Ray looked at his copy of the list, ran his finger I down it.
"This a new addition?"
"Yes," Patrick said. "My bird people tell me there are only a few individuals left. On the edge of extinction."
"Where's it from?"
"Northeast Brazil."
"Jesus," Ray said. "We know anybody in Brazil, Orlon?"
"Not at the moment."
"Can you do it or not?"
"Little blue macaw," Ray said. "Yeah, yeah, sure. We'll get on the phone, talk to our Latin associates. No problem."
"All right, then," Patrick said. "That leaves us with only the unfinished business from our last meeting."
"What?" Orlon said. "Our little jungle soiree?" Ray took a breath and looked down at the coffee table.
"But before we talk, we need to get rid of her." Patrick waved at Betty, lying there on her back, pillow over her face, making a snoring sound.
"Oh, don't worry about her," Orlon said. "She's deaf and dumb. She can't even read lips." Patrick glanced at Ray, but Ray kept his face neutral.
"Deaf and dumb?"
"That's right. Lost her hearing as a kid, poor thing. Had a hippie mother took her along to too many rock concerts."
Patrick scowled at Orlon, then reached into his pants pocket and came out with a pearl-handled .25, fit-in-your-palm special.
Ray stood up.
"Hey, man. None of that bullshit. Put that fucking thing away."
Patrick aimed the .25 up at the popcorn ceiling.
"Deaf and dumb?" he said.
"Hell," Orlon said. "Go on, test her out, see for yourself."
"Put it away," Ray said. "Put the thing down, right now."
Patrick looked at Ray, hesitated a moment, his hand wavering. Finally, his expression hardened, and he fired the pistol.
A large chunk of plaster crashed onto the rug. Ray jumped to the side, but Betty didn't so much as juke a muscle. Probably so zonked from her days of sex with Orlon that she was in some kind of subterranean alpha state.
"See," Orlon said, smiling. "Like I said, if you got things to discuss, then go right on and discuss them."
"And no more goddamn gunfire in our house. You got that?" Ray took his seat again.
Patrick slid the pistol back into his pants pocket.

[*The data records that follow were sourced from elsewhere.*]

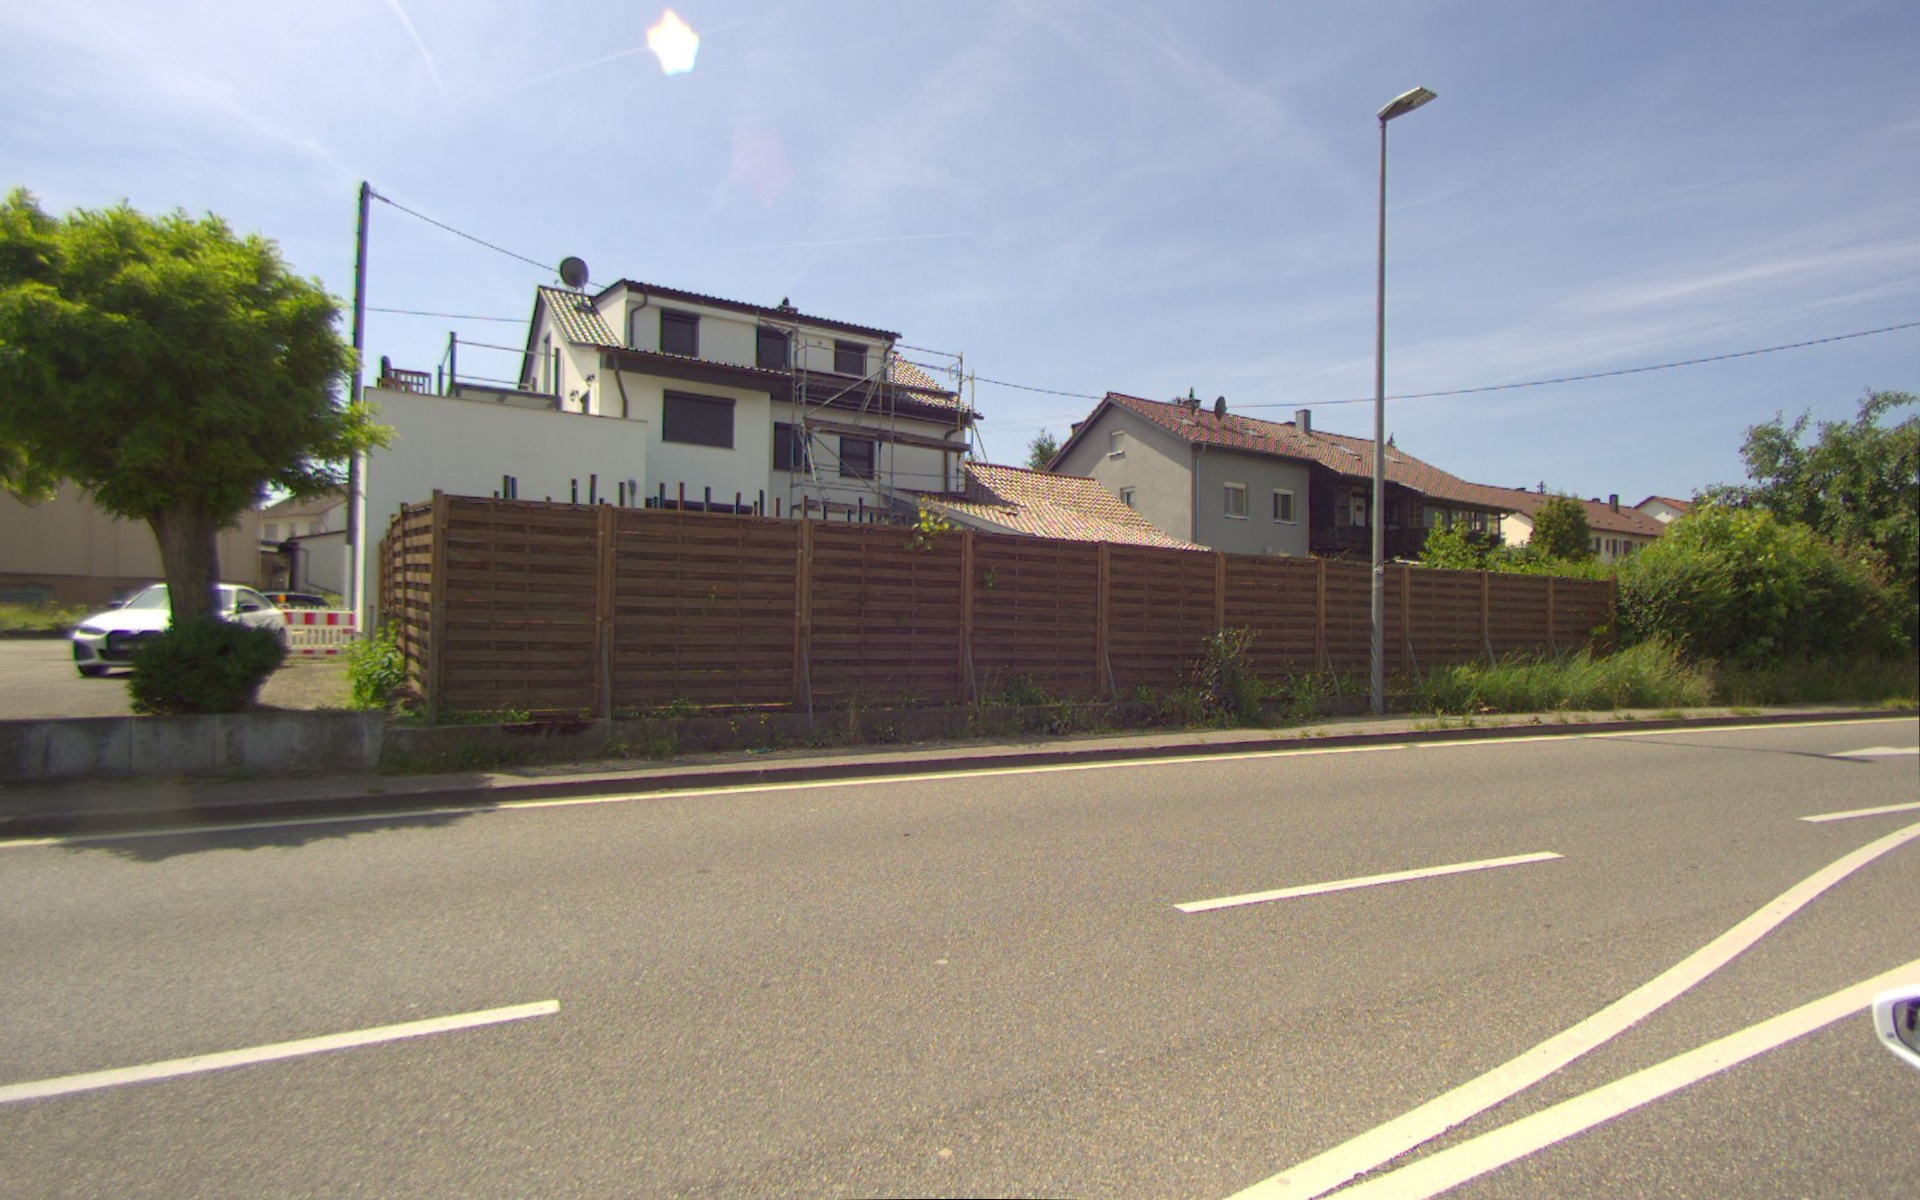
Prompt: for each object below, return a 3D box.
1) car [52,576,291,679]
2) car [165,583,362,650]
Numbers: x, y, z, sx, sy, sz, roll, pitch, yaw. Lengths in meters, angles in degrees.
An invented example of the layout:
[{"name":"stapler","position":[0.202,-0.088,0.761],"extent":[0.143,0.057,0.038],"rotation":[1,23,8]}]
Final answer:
[{"name":"car","position":[-12.794,0.433,16.629],"extent":[1.854,1.459,3.983],"rotation":[2,-1,-19]},{"name":"car","position":[-17.757,0.386,25.852],"extent":[1.904,1.538,4.002],"rotation":[1,0,9]}]

"Jesus Christ." Ray stared up at the gash in the ceiling. "Mary, mother of Christ. What kind of crazy fucking person are you, shooting a gun off like that in a civilized person
's house?"
Patrick washed his hands against each other, then set them in his lap. Untroubled, he looked over at Ray.
"I want to know why she's still alive."
"We're picking our moment," Orlon said. "You can't just go do the last tango on somebody willy-nilly."

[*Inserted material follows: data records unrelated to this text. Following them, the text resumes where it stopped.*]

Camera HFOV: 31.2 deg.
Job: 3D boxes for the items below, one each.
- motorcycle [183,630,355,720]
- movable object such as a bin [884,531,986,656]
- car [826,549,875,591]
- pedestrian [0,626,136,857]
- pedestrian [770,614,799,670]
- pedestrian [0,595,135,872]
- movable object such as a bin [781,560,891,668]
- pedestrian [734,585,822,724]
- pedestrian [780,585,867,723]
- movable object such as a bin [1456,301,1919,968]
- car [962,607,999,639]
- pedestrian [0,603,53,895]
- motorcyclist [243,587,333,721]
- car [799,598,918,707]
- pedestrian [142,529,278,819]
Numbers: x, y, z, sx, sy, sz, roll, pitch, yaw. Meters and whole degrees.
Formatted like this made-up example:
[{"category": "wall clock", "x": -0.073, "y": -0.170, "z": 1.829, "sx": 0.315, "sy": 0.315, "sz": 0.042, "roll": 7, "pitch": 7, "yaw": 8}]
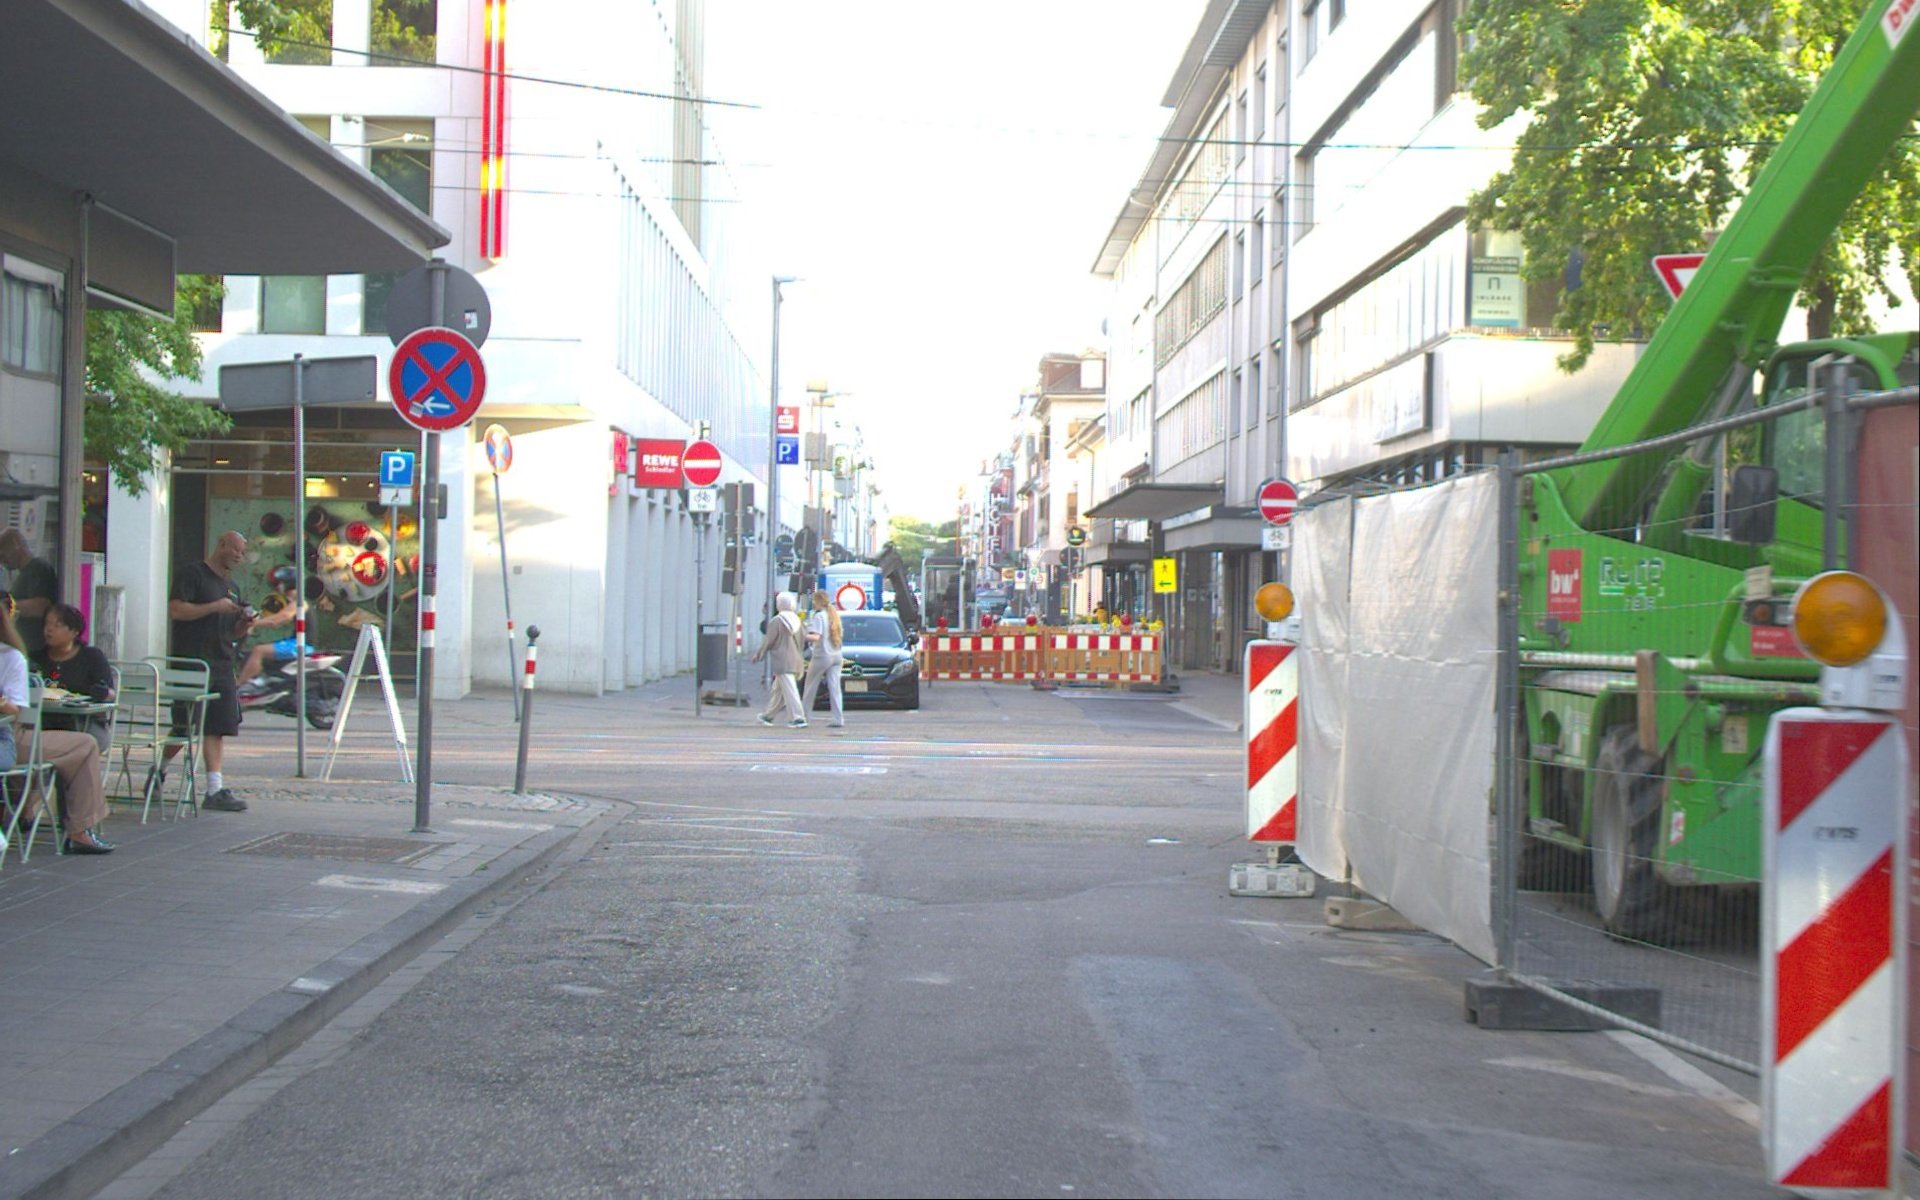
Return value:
[{"category": "motorcycle", "x": -7.232, "y": 0.782, "z": 36.027, "sx": 1.753, "sy": 0.916, "sz": 0.642, "roll": 0, "pitch": 0, "yaw": -10}, {"category": "movable object such as a bin", "x": -0.567, "y": -0.132, "z": 76.076, "sx": 2.156, "sy": 2.655, "sz": 4.573, "roll": 1, "pitch": 0, "yaw": -1}, {"category": "car", "x": -4.615, "y": -1.258, "z": 145.654, "sx": 1.993, "sy": 1.770, "sz": 4.000, "roll": 0, "pitch": 0, "yaw": -1}, {"category": "pedestrian", "x": -4.554, "y": 0.703, "z": 17.373, "sx": 0.573, "sy": 1.110, "sz": 0.713, "roll": 2, "pitch": 0, "yaw": 0}, {"category": "pedestrian", "x": -4.610, "y": 1.098, "z": 90.203, "sx": 0.716, "sy": 1.459, "sz": 0.525, "roll": 0, "pitch": 0, "yaw": 3}, {"category": "pedestrian", "x": -4.415, "y": 0.623, "z": 16.471, "sx": 0.702, "sy": 1.271, "sz": 0.713, "roll": 2, "pitch": 0, "yaw": 0}, {"category": "movable object such as a bin", "x": -2.359, "y": 0.263, "z": 66.217, "sx": 1.993, "sy": 2.007, "sz": 4.000, "roll": 0, "pitch": 0, "yaw": 0}, {"category": "pedestrian", "x": -2.158, "y": 0.640, "z": 40.756, "sx": 0.610, "sy": 1.622, "sz": 0.872, "roll": 0, "pitch": 0, "yaw": -44}, {"category": "pedestrian", "x": -1.636, "y": 0.637, "z": 41.163, "sx": 0.610, "sy": 1.622, "sz": 0.872, "roll": 0, "pitch": 0, "yaw": -44}, {"category": "movable object such as a bin", "x": 4.079, "y": 0.141, "z": 16.845, "sx": 2.605, "sy": 2.829, "sz": 4.450, "roll": 0, "pitch": 0, "yaw": 0}, {"category": "car", "x": 1.126, "y": 1.269, "z": 190.071, "sx": 1.993, "sy": 1.770, "sz": 4.000, "roll": 0, "pitch": 0, "yaw": -1}, {"category": "pedestrian", "x": -4.484, "y": 0.648, "z": 15.450, "sx": 0.573, "sy": 1.271, "sz": 0.713, "roll": 3, "pitch": 0, "yaw": 0}, {"category": "motorcyclist", "x": -7.044, "y": 0.565, "z": 36.070, "sx": 0.894, "sy": 1.384, "sz": 0.672, "roll": 1, "pitch": 0, "yaw": -11}, {"category": "car", "x": -1.520, "y": 0.749, "z": 50.715, "sx": 1.629, "sy": 1.545, "sz": 3.143, "roll": 0, "pitch": 0, "yaw": -4}, {"category": "pedestrian", "x": -4.422, "y": 0.432, "z": 20.298, "sx": 0.505, "sy": 1.662, "sz": 0.687, "roll": 2, "pitch": 0, "yaw": 9}]

"It's next on our list," Ray said. "Don't worry. Top priority."
"I don't know what the fucking hurry is," Orlon said. "If the woman had seen it was us over there in Borneo, the police would've been at the door already. She didn't see us, that's pretty clear."
"Don't worry, Patrick. We're doing her. Tomorrow."

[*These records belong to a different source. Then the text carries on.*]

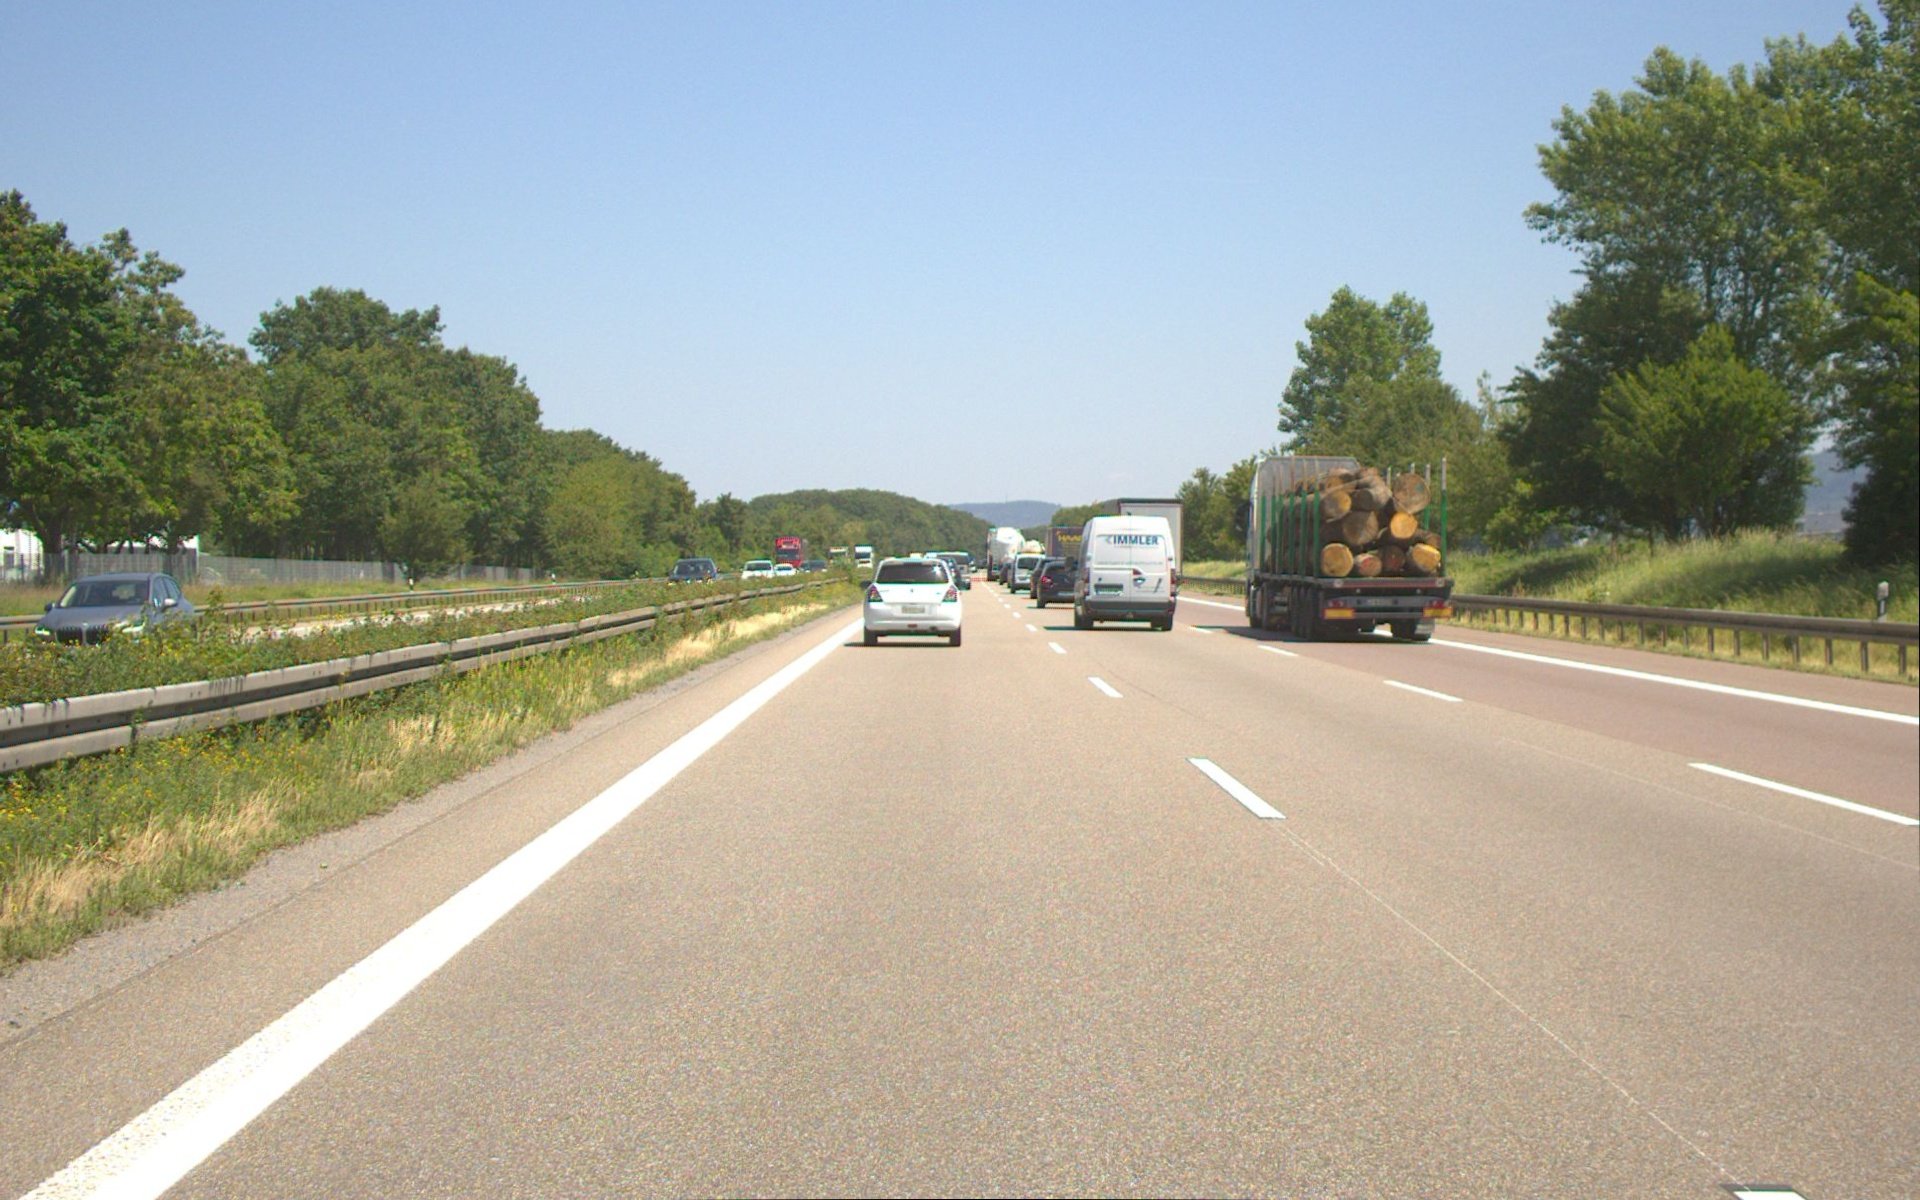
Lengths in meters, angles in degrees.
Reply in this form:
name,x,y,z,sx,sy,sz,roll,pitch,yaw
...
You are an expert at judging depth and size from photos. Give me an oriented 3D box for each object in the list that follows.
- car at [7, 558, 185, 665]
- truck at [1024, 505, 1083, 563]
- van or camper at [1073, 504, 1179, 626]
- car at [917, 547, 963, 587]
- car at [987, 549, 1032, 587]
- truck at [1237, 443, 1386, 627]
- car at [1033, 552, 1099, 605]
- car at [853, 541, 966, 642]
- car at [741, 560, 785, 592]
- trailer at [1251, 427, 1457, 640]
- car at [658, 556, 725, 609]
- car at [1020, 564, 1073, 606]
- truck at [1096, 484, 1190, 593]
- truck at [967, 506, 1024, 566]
name,x,y,z,sx,sy,sz,roll,pitch,yaw
car,-13.537,0.151,54.072,1.792,1.573,4.212,-1,1,-1
truck,7.059,-4.987,263.020,3.257,4.194,16.845,2,1,-2
van or camper,3.670,-0.785,77.079,2.058,2.613,5.985,1,1,0
car,-0.866,-1.403,146.912,1.857,1.646,4.000,1,1,-2
car,2.251,-1.463,156.889,1.857,1.646,4.000,1,1,-2
truck,7.948,-1.466,78.483,2.670,3.981,6.636,1,1,0
car,3.345,-0.686,109.433,1.857,1.646,4.000,1,1,-2
car,-0.909,-0.165,60.042,1.857,1.646,4.000,2,1,-2
car,-10.406,-1.283,181.820,1.993,1.634,4.572,2,1,0
trailer,7.949,-1.330,71.167,2.653,3.945,13.637,1,1,0
car,-9.927,-0.655,127.428,1.993,1.880,5.648,2,1,0
car,3.415,-0.610,136.347,1.857,1.646,4.000,1,1,-2
truck,7.566,-2.501,144.055,3.079,4.194,16.843,2,1,1
truck,2.538,-4.618,252.149,3.257,4.194,16.845,2,1,-2

Patrick slid his cold eyes slowly to Ray. The man had an aura about him. Gave off a spooky heat that Ray had only felt once or twice before. Like charisma, or whatever the hell it was called. Dominant dog in the pack. Eyes that could harden into black ice. The kind of guy, if you had a hundred just like him, you could set yourself up as a dictator of some little island country, rule forever.
Staring back into those empty eyes, Ray said, "That's the real reason we were over there in the first place, isn't it, in Borneo? You dragged me and my brother off the rhino hunt just to shoot that lady. You damn well knew she was going to be there. That's what it was all about. You didn't care about hunting any orangutans over there. That was just your cover story. What you were doing, you were trying to get us to do your dirty work."
Patrick smiled.
Ray had wrestled with the issue for days. Why the hell Patrick wanted to go hunt orangs. Then a second ago, all of a sudden he understood it, in a flash. Seeing what had happened, him and Orlon getting snookered into this situation.
"Well, it certainly took you long enough to figure it out."
"What I want to know is, why?" Ray said. "Why do you personally give a flying fuck about Allison Farleigh?"
"It came to my attention," he said, "that she was attempting to put you two in jail. And, you see, if that happened, where would I get these difficult-to-locate animals?"
"Bullshit" Ray said.
"Yeah, double that. Two bullshits," Orlon said.